Thursday, July 14, 2011

Observations from Cabo



Spent the better part of the past two weeks in Cabo San Lucas, Mexico, and now I’m back home suffering from a major vacation hangover. God I love Cabo. The weather is perfect, the scenery is beautiful, the fish are gigantic, the people are hospitable, and most everything is reasonably priced (relative to other resort destinations). It’s why I come back every summer. For all its glory though Cabo does have some quirks. In no particular order of importance what follows are my observations from Cabo.

1) Why is the price of everything in Cabo negotiable? Can you imagine walking into the Gap in America and haggling with the sales lady over the price of a pair of khaki’s? $50 dollars? No, I’m sorry that’s too much – I’ll give you $40 plus you throw in a pair of cargo shorts… and some chicle (I love that shit).

2) How come the cabbies in Cabo never carry any change and when they do it’s inevitably in pesos? Um, I’m no math major Jose but I’m pretty sure you owe me more than 20 pesos considering I just gave you $20 USD for a $7 cab ride.
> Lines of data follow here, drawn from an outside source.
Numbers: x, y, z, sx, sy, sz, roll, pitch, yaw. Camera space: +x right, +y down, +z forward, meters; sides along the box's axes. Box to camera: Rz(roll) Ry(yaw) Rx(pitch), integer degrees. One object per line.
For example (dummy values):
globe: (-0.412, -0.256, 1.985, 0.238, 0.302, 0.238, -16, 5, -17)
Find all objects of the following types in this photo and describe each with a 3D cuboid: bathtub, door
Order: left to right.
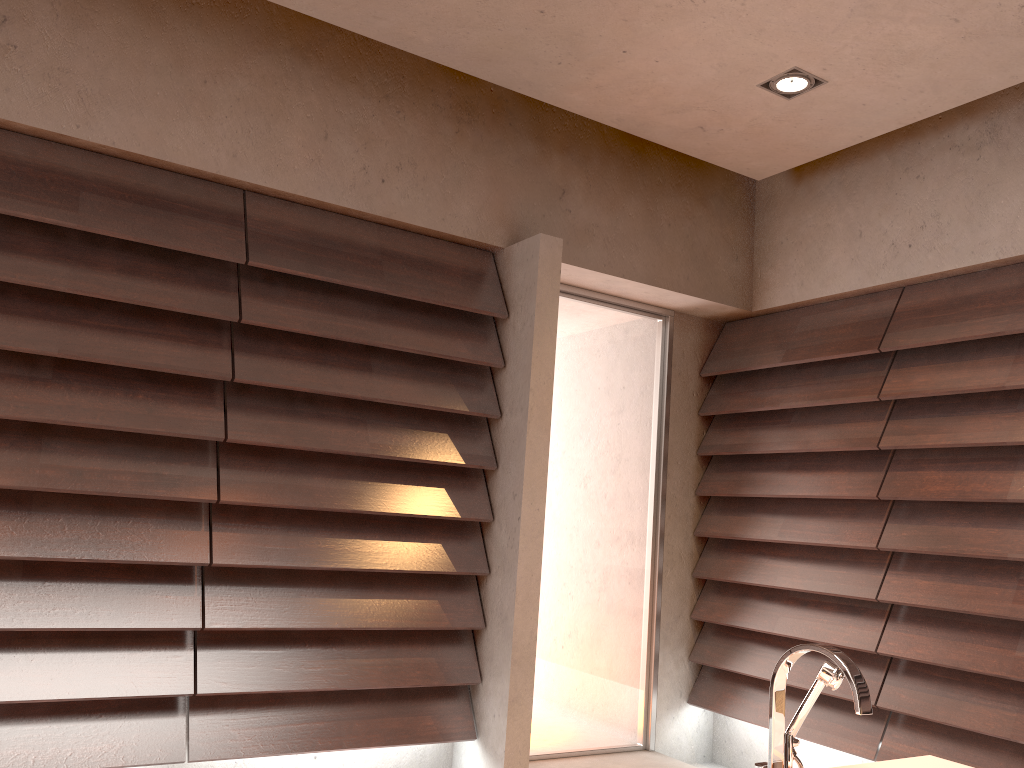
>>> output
door: (0.253, 0.571, 3.852, 1.007, 2.000, 0.090, 9, -10, -31)
bathtub: (0.315, 0.791, 1.157, 2.000, 0.761, 0.994, 9, -10, -31)

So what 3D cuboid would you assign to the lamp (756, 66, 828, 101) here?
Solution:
lamp: (0.958, -1.047, 3.034, 0.165, 0.051, 0.170, 9, -10, -31)

Nothing like ripping off the drunk Americans, I guess.

3) Why is the music played in every Cabo bar and restaurant always 20-30 years old? No offense to Brian Adams, Rick Springfield, or the Miami Sound Machine but come on. Would someone please enlighten the good people of Cabo that they can download CURRENT songs from iTunes for just $.99 a pop?

4) Why is the first thing they always show you at a Cabo car rental place where the spare tire and jack are located in your vehicle? I’ve rented a car in America at least a hundred times and not once have they shown me where the spare tire and jack are located. I always laugh and say but I’m sure we won’t need it, right? And they always smile back with the same sheepish grin – you’re screwed gringo.
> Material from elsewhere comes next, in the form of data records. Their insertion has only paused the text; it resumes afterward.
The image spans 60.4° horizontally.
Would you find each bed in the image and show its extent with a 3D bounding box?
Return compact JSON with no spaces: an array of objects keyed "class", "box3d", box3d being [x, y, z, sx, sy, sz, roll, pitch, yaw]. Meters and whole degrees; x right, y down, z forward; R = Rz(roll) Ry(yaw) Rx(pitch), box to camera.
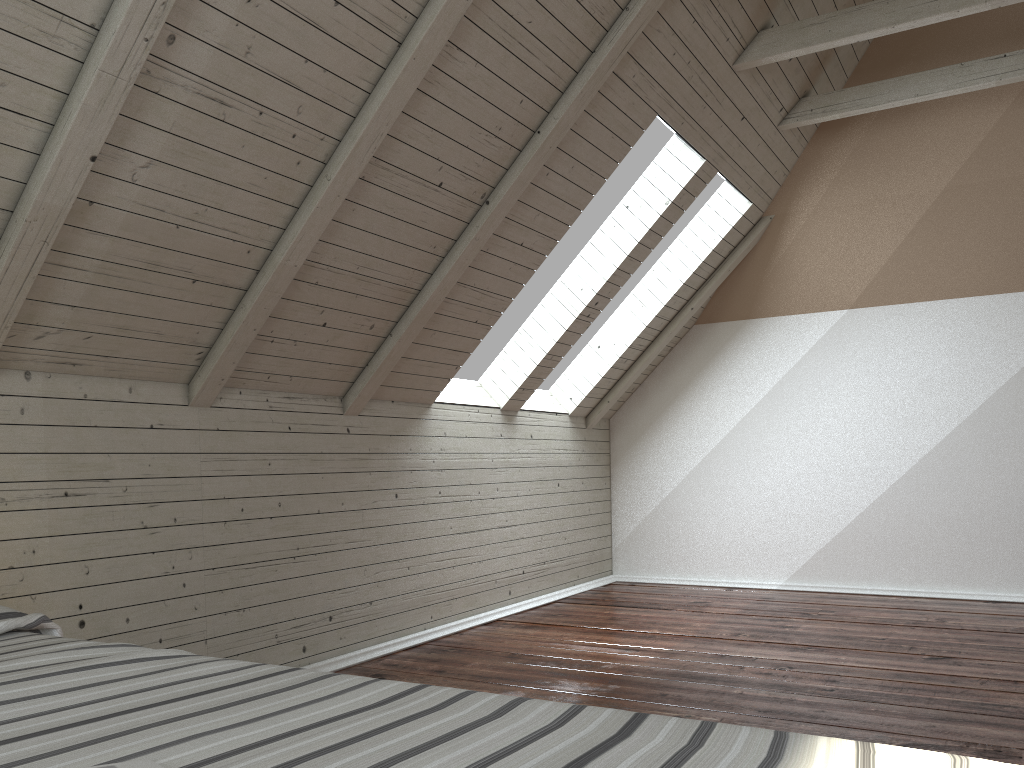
[{"class":"bed","box3d":[-0.814,0.320,0.337,1.881,0.705,1.872,-4,-5,30]}]
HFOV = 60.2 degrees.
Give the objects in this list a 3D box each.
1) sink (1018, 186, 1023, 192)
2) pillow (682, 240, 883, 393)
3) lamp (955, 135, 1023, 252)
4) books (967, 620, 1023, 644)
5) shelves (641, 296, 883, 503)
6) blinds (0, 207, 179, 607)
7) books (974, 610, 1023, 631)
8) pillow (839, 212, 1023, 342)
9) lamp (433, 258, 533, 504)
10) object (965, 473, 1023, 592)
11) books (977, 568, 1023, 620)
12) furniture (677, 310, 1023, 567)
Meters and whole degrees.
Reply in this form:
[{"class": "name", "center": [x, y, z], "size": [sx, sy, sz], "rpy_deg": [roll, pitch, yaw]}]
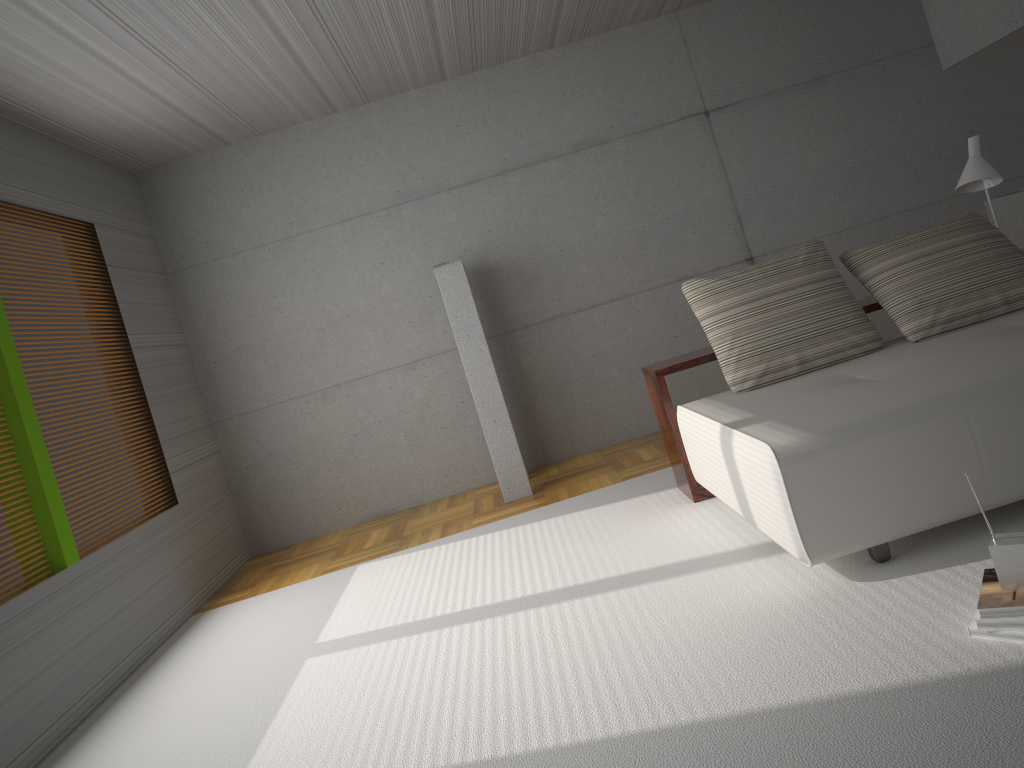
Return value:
[{"class": "sink", "center": [3.687, -1.408, 5.227], "size": [0.766, 0.539, 1.706], "rpy_deg": [-17, 4, 0]}, {"class": "pillow", "center": [1.369, -0.355, 4.504], "size": [0.801, 0.610, 0.490], "rpy_deg": [-17, 1, -2]}, {"class": "lamp", "center": [2.628, -1.030, 4.874], "size": [0.326, 0.700, 0.242], "rpy_deg": [-17, 0, -20]}, {"class": "books", "center": [1.398, 0.627, 2.411], "size": [0.268, 0.032, 0.187], "rpy_deg": [-20, 5, -36]}, {"class": "shelves", "center": [1.913, -0.069, 4.815], "size": [2.251, 0.716, 0.400], "rpy_deg": [-17, 1, -1]}, {"class": "blinds", "center": [-2.503, 0.043, 4.312], "size": [0.012, 2.043, 3.537], "rpy_deg": [-17, 3, 0]}, {"class": "books", "center": [1.388, 0.597, 2.412], "size": [0.187, 0.032, 0.268], "rpy_deg": [-14, 5, 38]}, {"class": "pillow", "center": [2.202, -0.555, 4.474], "size": [0.807, 0.517, 0.579], "rpy_deg": [-17, 2, 0]}, {"class": "lamp", "center": [-0.205, -0.050, 6.407], "size": [0.200, 1.691, 0.798], "rpy_deg": [-17, 1, 0]}, {"class": "object", "center": [1.310, 0.383, 2.372], "size": [0.089, 0.366, 0.188], "rpy_deg": [-17, 0, 40]}, {"class": "books", "center": [1.386, 0.564, 2.414], "size": [0.187, 0.032, 0.268], "rpy_deg": [-14, 5, 34]}, {"class": "furniture", "center": [1.951, 0.097, 3.821], "size": [2.169, 0.522, 1.615], "rpy_deg": [-17, 4, -1]}]
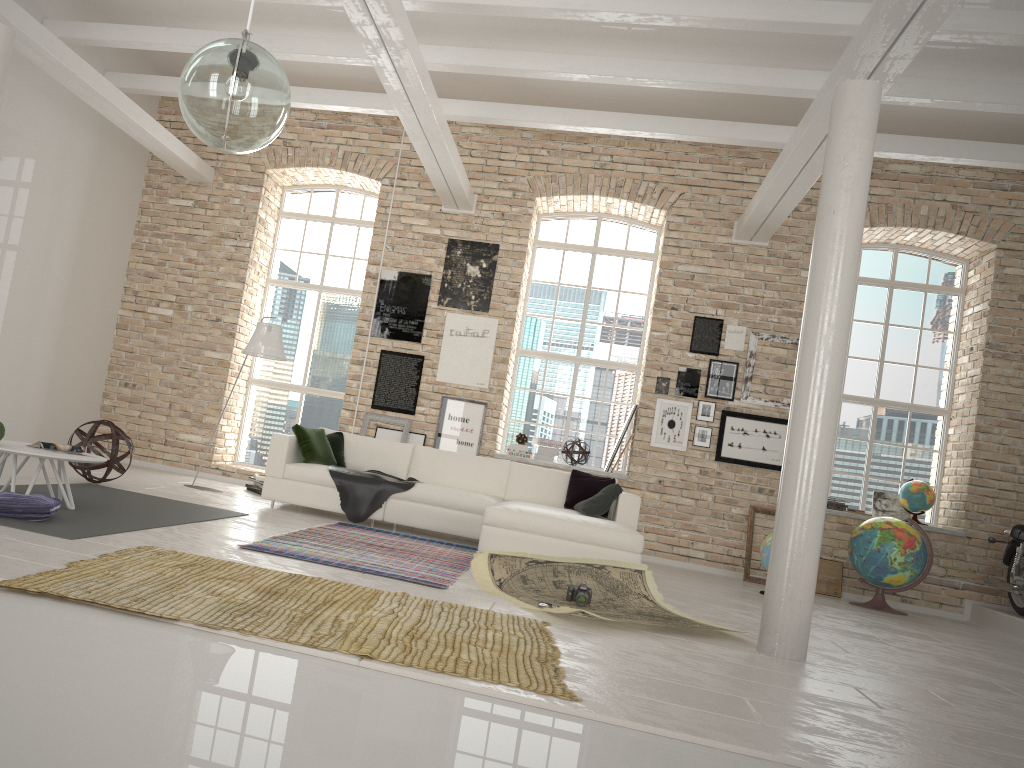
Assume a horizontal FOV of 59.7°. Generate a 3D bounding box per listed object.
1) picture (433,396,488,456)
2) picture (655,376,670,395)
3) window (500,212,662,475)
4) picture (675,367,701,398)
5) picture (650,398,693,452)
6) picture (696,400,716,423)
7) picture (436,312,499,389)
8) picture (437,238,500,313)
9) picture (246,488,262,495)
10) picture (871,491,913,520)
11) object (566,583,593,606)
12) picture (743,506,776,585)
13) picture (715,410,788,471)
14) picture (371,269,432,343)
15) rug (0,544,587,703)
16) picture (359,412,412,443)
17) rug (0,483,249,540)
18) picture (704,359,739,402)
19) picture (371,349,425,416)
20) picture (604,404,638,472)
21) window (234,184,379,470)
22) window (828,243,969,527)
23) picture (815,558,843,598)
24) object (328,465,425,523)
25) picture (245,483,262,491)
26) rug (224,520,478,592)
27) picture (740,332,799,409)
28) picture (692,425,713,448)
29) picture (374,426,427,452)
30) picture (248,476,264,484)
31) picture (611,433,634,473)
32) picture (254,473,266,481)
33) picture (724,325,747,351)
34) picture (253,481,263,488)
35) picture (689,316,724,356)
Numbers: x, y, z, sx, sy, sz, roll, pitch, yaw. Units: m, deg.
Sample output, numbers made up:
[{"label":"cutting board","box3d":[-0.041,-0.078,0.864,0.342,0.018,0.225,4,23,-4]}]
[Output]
[{"label":"picture","box3d":[-0.585,0.539,9.834,0.534,0.755,0.012,8,-4,12]},{"label":"picture","box3d":[1.595,0.017,9.440,0.139,0.178,0.008,8,-4,17]},{"label":"window","box3d":[0.390,-1.103,4.876,1.461,2.984,11.189,9,-5,5]},{"label":"picture","box3d":[1.854,-0.016,9.389,0.236,0.306,0.014,8,-4,12]},{"label":"picture","box3d":[1.677,0.428,9.376,0.376,0.513,0.013,8,-4,12]},{"label":"picture","box3d":[2.029,0.287,9.323,0.181,0.212,0.011,8,-4,12]},{"label":"picture","box3d":[-0.497,-0.374,9.911,0.607,0.783,0.035,8,-4,12]},{"label":"picture","box3d":[-0.488,-1.221,10.017,0.605,0.782,0.035,8,-4,12]},{"label":"picture","box3d":[-2.414,1.209,9.654,0.741,0.048,0.622,13,-6,-30]},{"label":"picture","box3d":[4.033,1.310,9.452,0.404,0.292,0.066,8,-4,12]},{"label":"object","box3d":[0.403,1.246,5.301,0.153,0.124,0.165,9,-5,9]},{"label":"picture","box3d":[2.623,1.641,8.953,0.520,0.747,0.216,8,-4,11]},{"label":"picture","box3d":[2.498,0.586,9.187,0.734,0.534,0.030,8,-4,13]},{"label":"picture","box3d":[-1.256,-0.887,10.129,0.608,0.784,0.035,8,-4,12]},{"label":"rug","box3d":[-0.862,0.959,3.880,2.232,0.021,1.518,9,-5,4]},{"label":"picture","box3d":[-1.442,0.632,9.872,0.560,0.581,0.276,8,-4,11]},{"label":"rug","box3d":[-2.886,0.809,5.971,1.469,0.041,2.663,9,-5,5]},{"label":"picture","box3d":[2.192,-0.041,9.315,0.300,0.409,0.010,8,-4,12]},{"label":"picture","box3d":[-1.285,-0.018,10.057,0.526,0.680,0.063,8,-4,12]},{"label":"picture","box3d":[1.191,0.606,9.767,0.251,0.763,0.575,9,-4,6]},{"label":"window","box3d":[-2.865,-1.256,5.567,1.461,3.650,11.189,9,-5,5]},{"label":"window","box3d":[3.562,-0.626,4.168,1.461,2.984,11.189,9,-5,5]},{"label":"picture","box3d":[3.149,1.930,8.892,0.275,0.350,0.093,8,-4,12]},{"label":"object","box3d":[-1.279,1.034,8.179,0.916,0.463,0.760,9,-5,8]},{"label":"picture","box3d":[-2.414,1.174,9.691,0.628,0.048,0.731,5,-7,45]},{"label":"rug","box3d":[-0.948,1.180,6.368,1.438,0.008,2.630,9,-5,5]},{"label":"picture","box3d":[2.728,-0.133,9.213,0.621,0.748,0.024,8,-4,13]},{"label":"picture","box3d":[1.987,0.551,9.304,0.181,0.212,0.011,8,-4,12]},{"label":"picture","box3d":[-1.284,0.792,9.889,0.592,0.568,0.143,8,-4,12]},{"label":"picture","box3d":[-2.394,1.099,9.680,0.737,0.048,0.624,13,-6,-32]},{"label":"picture","box3d":[1.186,0.750,9.597,0.177,0.460,0.355,9,-4,6]},{"label":"picture","box3d":[-2.390,1.060,9.656,0.763,0.048,0.604,11,-5,-13]},{"label":"picture","box3d":[2.338,-0.483,9.339,0.200,0.258,0.012,8,-4,12]},{"label":"picture","box3d":[-2.374,1.141,9.667,0.751,0.048,0.613,12,-5,-20]},{"label":"picture","box3d":[2.051,-0.507,9.397,0.304,0.393,0.018,8,-4,12]}]

5) How were the Cabo contractors / construction workers able to build a five star resort into the side of a solid rock mountain (Capella at Pedregal) including a lighted tunnel right through the bottom of the f*cking mountain, but they were unable to build streets with drainage? On the third morning of our trip it rained about a quarter of an inch and no lie every street in downtown Cabo had 2 feet of standing water for the rest of the day.

6) I know the term “Mexican minute” exists for a reason but does it really need to take two hours to serve me tacos and beer? What the hell are you doing back there anyway?
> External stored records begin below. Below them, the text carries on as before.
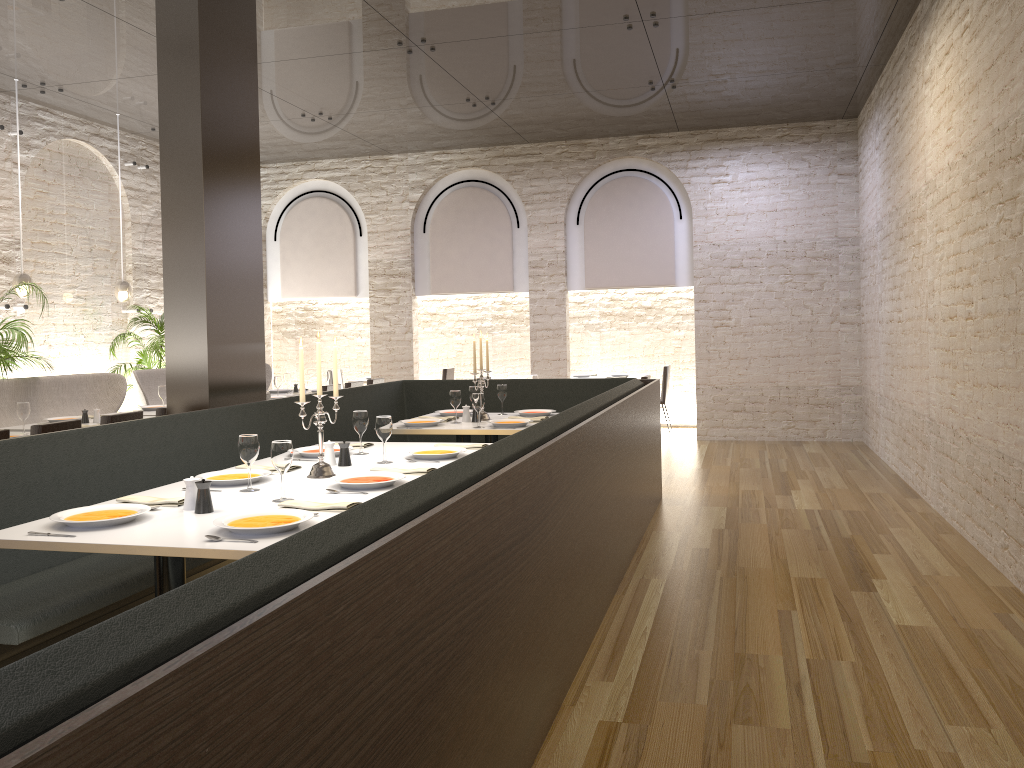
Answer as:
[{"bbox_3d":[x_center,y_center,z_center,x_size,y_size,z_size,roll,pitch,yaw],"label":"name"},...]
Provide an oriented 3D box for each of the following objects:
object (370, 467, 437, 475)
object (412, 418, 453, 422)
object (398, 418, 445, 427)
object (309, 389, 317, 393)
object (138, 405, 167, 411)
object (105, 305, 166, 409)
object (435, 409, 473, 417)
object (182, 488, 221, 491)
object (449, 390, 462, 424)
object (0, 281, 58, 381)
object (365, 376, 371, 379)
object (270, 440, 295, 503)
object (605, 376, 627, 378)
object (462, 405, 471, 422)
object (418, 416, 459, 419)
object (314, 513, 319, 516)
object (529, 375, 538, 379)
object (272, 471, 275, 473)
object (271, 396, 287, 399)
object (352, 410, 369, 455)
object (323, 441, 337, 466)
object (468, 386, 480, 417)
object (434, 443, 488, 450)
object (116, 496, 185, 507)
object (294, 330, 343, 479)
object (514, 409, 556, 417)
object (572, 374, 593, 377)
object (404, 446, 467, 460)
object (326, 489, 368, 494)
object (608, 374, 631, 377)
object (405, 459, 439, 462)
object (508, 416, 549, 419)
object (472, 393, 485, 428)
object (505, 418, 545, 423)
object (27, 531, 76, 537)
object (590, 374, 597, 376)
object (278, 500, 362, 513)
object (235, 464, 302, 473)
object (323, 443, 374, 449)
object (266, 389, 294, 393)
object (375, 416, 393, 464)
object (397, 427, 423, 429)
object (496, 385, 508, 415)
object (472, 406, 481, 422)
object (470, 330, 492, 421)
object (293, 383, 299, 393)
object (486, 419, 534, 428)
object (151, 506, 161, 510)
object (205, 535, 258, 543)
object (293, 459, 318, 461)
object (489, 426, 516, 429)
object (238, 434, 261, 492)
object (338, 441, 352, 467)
[{"bbox_3d":[-0.494,0.396,4.047,0.273,0.033,0.143,0,3,15],"label":"object"},{"bbox_3d":[-0.582,0.263,6.429,0.273,0.033,0.143,0,3,15],"label":"object"},{"bbox_3d":[-0.628,0.273,6.149,0.321,0.036,0.322,-2,3,-9],"label":"object"},{"bbox_3d":[-2.178,0.081,10.155,0.322,0.036,0.321,-4,4,-38],"label":"object"},{"bbox_3d":[-3.266,0.220,8.123,0.322,0.036,0.321,-4,4,-38],"label":"object"},{"bbox_3d":[-4.010,-0.079,10.157,1.145,1.973,1.189,-1,1,-5],"label":"object"},{"bbox_3d":[-0.438,0.228,6.871,0.321,0.036,0.322,-1,3,10],"label":"object"},{"bbox_3d":[-1.284,0.438,3.674,0.185,0.010,0.017,0,3,15],"label":"object"},{"bbox_3d":[-0.399,0.162,6.267,0.086,0.231,0.086,-2,1,-39],"label":"object"},{"bbox_3d":[-4.649,0.070,7.778,1.146,1.973,1.188,-2,2,-35],"label":"object"},{"bbox_3d":[-2.036,-0.089,13.087,0.322,0.036,0.322,-4,4,-40],"label":"object"},{"bbox_3d":[-0.883,0.335,3.408,0.086,0.231,0.086,-2,1,-33],"label":"object"},{"bbox_3d":[1.391,-0.086,11.815,0.273,0.033,0.143,0,3,15],"label":"object"},{"bbox_3d":[-0.328,0.212,6.353,0.069,0.126,0.069,-2,2,-33],"label":"object"},{"bbox_3d":[-0.543,0.253,6.578,0.273,0.033,0.143,0,3,15],"label":"object"},{"bbox_3d":[-0.767,0.458,3.121,0.185,0.010,0.017,0,3,15],"label":"object"},{"bbox_3d":[0.207,0.030,8.359,0.086,0.231,0.086,0,2,45],"label":"object"},{"bbox_3d":[-1.174,0.409,4.091,0.181,0.015,0.038,0,3,16],"label":"object"},{"bbox_3d":[-2.467,0.150,9.052,0.322,0.036,0.321,-4,4,-38],"label":"object"},{"bbox_3d":[-0.805,0.259,4.716,0.086,0.231,0.086,-1,1,27],"label":"object"},{"bbox_3d":[-0.892,0.339,4.331,0.069,0.126,0.069,-1,1,8],"label":"object"},{"bbox_3d":[-0.284,0.134,6.706,0.086,0.231,0.086,-2,1,-39],"label":"object"},{"bbox_3d":[-0.276,0.344,4.879,0.273,0.033,0.143,0,3,15],"label":"object"},{"bbox_3d":[-1.368,0.451,3.425,0.273,0.033,0.143,0,3,15],"label":"object"},{"bbox_3d":[-0.863,0.088,3.980,0.131,0.656,0.390,-1,2,25],"label":"object"},{"bbox_3d":[0.175,0.223,6.708,0.321,0.036,0.322,-3,4,-27],"label":"object"},{"bbox_3d":[0.964,-0.111,12.301,0.322,0.036,0.322,-4,4,-40],"label":"object"},{"bbox_3d":[-0.391,0.358,4.545,0.321,0.036,0.322,-1,3,10],"label":"object"},{"bbox_3d":[-0.660,0.429,3.534,0.181,0.015,0.038,0,3,16],"label":"object"},{"bbox_3d":[1.483,-0.115,12.162,0.322,0.036,0.322,-4,4,-40],"label":"object"},{"bbox_3d":[-0.442,0.377,4.365,0.181,0.015,0.038,0,3,16],"label":"object"},{"bbox_3d":[0.121,0.249,6.398,0.273,0.033,0.143,0,3,15],"label":"object"},{"bbox_3d":[-0.224,0.177,5.924,0.086,0.231,0.086,-2,1,-39],"label":"object"},{"bbox_3d":[0.082,0.258,6.248,0.273,0.033,0.143,0,3,15],"label":"object"},{"bbox_3d":[-1.492,0.488,2.877,0.185,0.010,0.017,0,3,15],"label":"object"},{"bbox_3d":[1.067,-0.125,12.626,0.273,0.033,0.143,0,3,15],"label":"object"},{"bbox_3d":[-0.702,0.445,3.251,0.273,0.033,0.143,0,3,15],"label":"object"},{"bbox_3d":[-1.159,0.401,4.222,0.273,0.033,0.143,0,3,15],"label":"object"},{"bbox_3d":[-0.942,0.349,5.053,0.273,0.033,0.143,0,3,15],"label":"object"},{"bbox_3d":[-2.698,0.084,10.293,0.322,0.036,0.321,-4,4,-38],"label":"object"},{"bbox_3d":[-0.630,0.274,4.373,0.086,0.231,0.086,-1,1,27],"label":"object"},{"bbox_3d":[-0.687,0.295,5.952,0.185,0.010,0.017,0,3,15],"label":"object"},{"bbox_3d":[-0.075,0.122,6.845,0.086,0.231,0.086,-2,1,-15],"label":"object"},{"bbox_3d":[-0.256,0.213,6.309,0.069,0.126,0.069,-2,2,-33],"label":"object"},{"bbox_3d":[-0.221,-0.066,6.431,0.131,0.656,0.390,-1,2,25],"label":"object"},{"bbox_3d":[-2.479,0.048,10.164,0.059,0.109,0.059,-2,2,-40],"label":"object"},{"bbox_3d":[-0.014,0.268,5.987,0.321,0.036,0.322,-2,3,-9],"label":"object"},{"bbox_3d":[-1.382,0.459,3.295,0.181,0.015,0.038,0,3,16],"label":"object"},{"bbox_3d":[-0.868,0.479,2.737,0.181,0.015,0.038,0,3,16],"label":"object"},{"bbox_3d":[-1.066,0.386,4.505,0.185,0.010,0.017,0,3,15],"label":"object"},{"bbox_3d":[-0.063,0.287,5.812,0.181,0.015,0.038,0,3,16],"label":"object"},{"bbox_3d":[-1.084,0.325,3.652,0.086,0.231,0.086,-1,1,15],"label":"object"},{"bbox_3d":[-0.814,0.339,4.307,0.069,0.126,0.069,-1,1,8],"label":"object"}]

7) I’m fascinated to know if there’s a pecking order of seniority amongst the multitude of beach vendors? For example do the newbies get stuck lugging around blankets, ponchos, and heavy pottery while the seasoned vets get to rifle through friendship bracelets and those light-up-shoot-em-in-the-sky-thingies? Seriously – who’s gonna buy a blanket or a poncho when it’s 105 degrees outside, and what the hell are you going do with a ceramic salad bowl while you’re snorkeling and jet-skiing on the beach?

8) Why are there no child labor laws in Mexico? My daughter wanted beaded braids in her hair and I swear the little girl who put them in was like 5 years old. Not really sure if a Mexican parent’s motivation is to grow their family or their workforce.

9) Of the 3 channels broadcasting American television I'd be curious to know who's making the programming decisions. "Friends", "The Simpsons", and a show called "The Doctors" run on a continuous 24-hour loop. Is this bizarre grouping what they think is representative of American culture? I didn't even know "The Doctors" was a real show until I saw it on Mexican television.

10) How come everyone in Cabo’s an activities broker? The slime bag dudes pimping time shares at the airport, the fast talking guy with the bullhorn at the marina, the “concierge” at the hotel, the dude selling pineapple on the beach, the checker at the grocery store – they all want to “hook you up” with an activity whether it’s swimming with dolphins, zip lining across a desert valley, deep sea fishing, or under water basket weaving – you name it they’ve got access to it, and everyone wants a cut. Strange.

11) Speaking of strange if Mexico’s supposed to be so dangerous nowadays why has absolutely nothing changed in Cabo over the past 10 years (outside of the explosive development)? This was the tenth summer in a row I've taken my family to Cabo for vacation and never once for a even a single second have we felt threatened for our safety (less the time I drank a glass of ghost pepper habanero sauce but that's a different story). Don’t buy into the hype people – Cabo’s just as great and safe as ever. Being the furthest point south from the Mexican / American border certainly doesn't hurt either.

Until next year Cabo. Estancia de oro mi amigo.